My lab is about to receive about WGS (30X) data (fastqs) on about 400-1500 samples (depending on how many we get at a time) that need to be processed and analyzed. We are trying to figure out the best route for computational resources. Here are some options:
- We can buy an allocation from Google Cloud Platform for $1,146 per month (assuming it would be on 24/7 since Google charges by the minute), which would include:
- 32-core vCPU with 120GB of RAM
- 1.5TB of SSD space
- We can purchase a node through our university for about $700 per month, however we would be limited to 14,000 core hours per month.
- 20 cores
- 256GB RAM
- We can purchase a system through Dell for about $15-20,000 which has 100+ cores, a few TB of HDD space (we already have NAS storage), and a 3 year warranty.

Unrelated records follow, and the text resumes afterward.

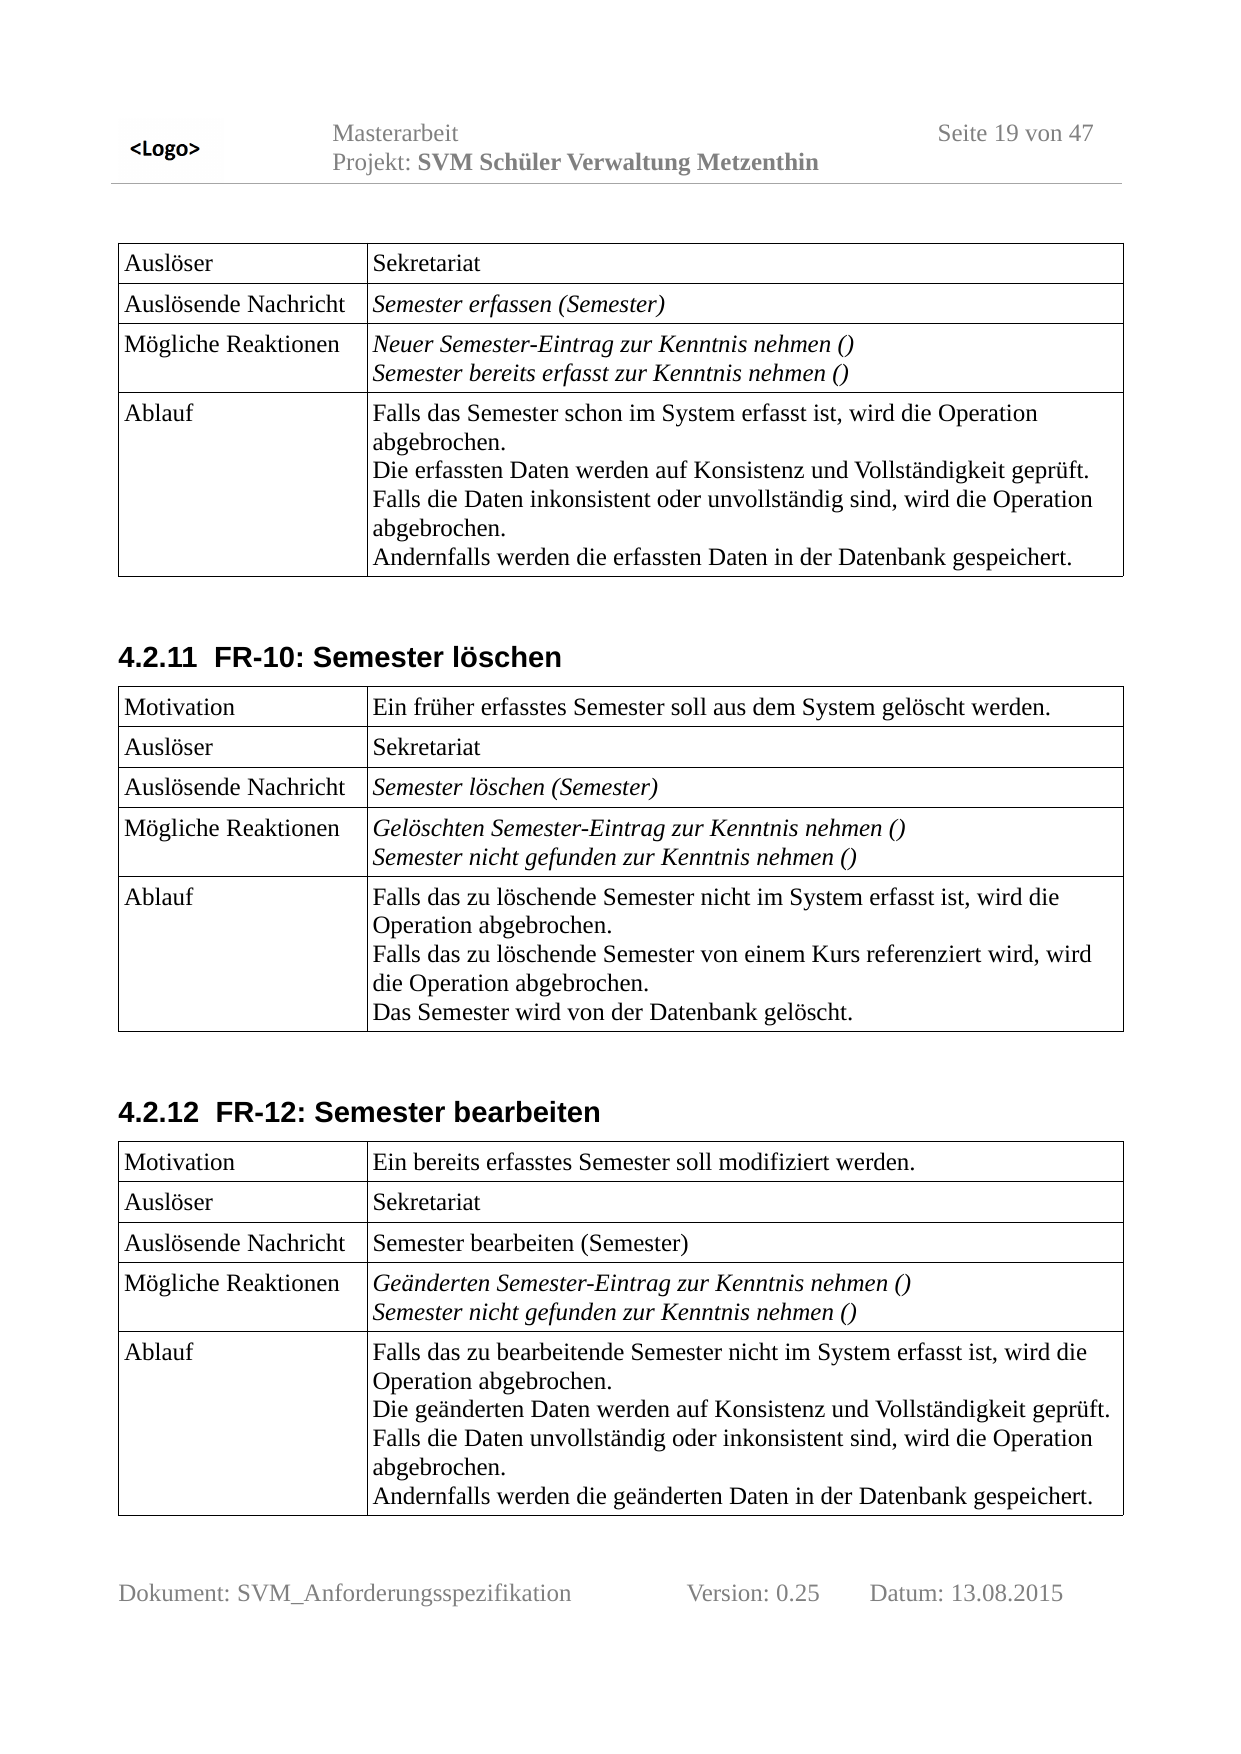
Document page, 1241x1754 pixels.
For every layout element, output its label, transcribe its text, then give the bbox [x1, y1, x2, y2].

table_header Motivation [119, 1142, 367, 1181]
table_cell Auslöser [119, 1182, 367, 1222]
table_cell Falls das Semester schon im System erfasst ist, wird die Operation abgebrochen. Die erfassten Daten werden auf Konsistenz und Vollständigkeit geprüft. Falls die Daten inkonsistent oder unvollständig sind, wird die Operation abgebrochen. Andernfalls werden die erfassten Daten in der Datenbank gespeichert. [368, 393, 1123, 576]
table_cell Semester erfassen (Semester) [368, 284, 1123, 323]
table_cell Ablauf [119, 877, 367, 1031]
table_cell Semester bearbeiten (Semester) [368, 1223, 1123, 1262]
table_cell Auslöser [119, 727, 367, 767]
table_cell Auslösende Nachricht [119, 768, 367, 807]
table_cell Auslösende Nachricht [119, 284, 367, 323]
table_cell Gelöschten Semester-Eintrag zur Kenntnis nehmen () Semester nicht gefunden zur Kenntnis nehmen () [368, 808, 1123, 876]
table_header Ein früher erfasstes Semester soll aus dem System gelöscht werden. [368, 687, 1123, 726]
table_cell Sekretariat [368, 1182, 1123, 1222]
subtitle FR-12: Semester bearbeiten [118, 1095, 1122, 1129]
table_cell Mögliche Reaktionen [119, 324, 367, 392]
table_cell Semester löschen (Semester) [368, 768, 1123, 807]
table_cell Sekretariat [368, 244, 1123, 283]
table_header Motivation [119, 687, 367, 726]
subtitle FR-10: Semester löschen [118, 640, 1122, 673]
table_cell Auslöser [119, 244, 367, 283]
table_cell Neuer Semester-Eintrag zur Kenntnis nehmen () Semester bereits erfasst zur Kenntnis nehmen () [368, 324, 1123, 392]
table_cell Geänderten Semester-Eintrag zur Kenntnis nehmen () Semester nicht gefunden zur Kenntnis nehmen () [368, 1263, 1123, 1331]
table_cell Mögliche Reaktionen [119, 1263, 367, 1331]
table_cell Mögliche Reaktionen [119, 808, 367, 876]
table_cell Ablauf [119, 393, 367, 576]
table_cell Falls das zu löschende Semester nicht im System erfasst ist, wird die Operation abgebrochen. Falls das zu löschende Semester von einem Kurs referenziert wird, wird die Operation abgebrochen. Das Semester wird von der Datenbank gelöscht. [368, 877, 1123, 1031]
table_cell Falls das zu bearbeitende Semester nicht im System erfasst ist, wird die Operation abgebrochen. Die geänderten Daten werden auf Konsistenz und Vollständigkeit geprüft. Falls die Daten unvollständig oder inkonsistent sind, wird die Operation abgebrochen. Andernfalls werden die geänderten Daten in der Datenbank gespeichert. [368, 1332, 1123, 1515]
table_cell Sekretariat [368, 727, 1123, 767]
table_header Ein bereits erfasstes Semester soll modifiziert werden. [368, 1142, 1123, 1181]
picture [118, 118, 224, 183]
table_cell Auslösende Nachricht [119, 1223, 367, 1262]
table_cell Ablauf [119, 1332, 367, 1515]

Now, it seems as though there are pros and cons to each of these choices. For example: purchasing a server directly from Dell would have hidden costs such as upkeep, and would depreciate over time, whereas renting from GCP or our university would be constantly upgraded. On the other hand, in the long term, it seems as though purchasing a system is more economical (granted our computational needs don't significantly raise over the next 3 years)
Are there any options that I may be missing? Also, am I over/underestimating our computational needs for the type of analysis?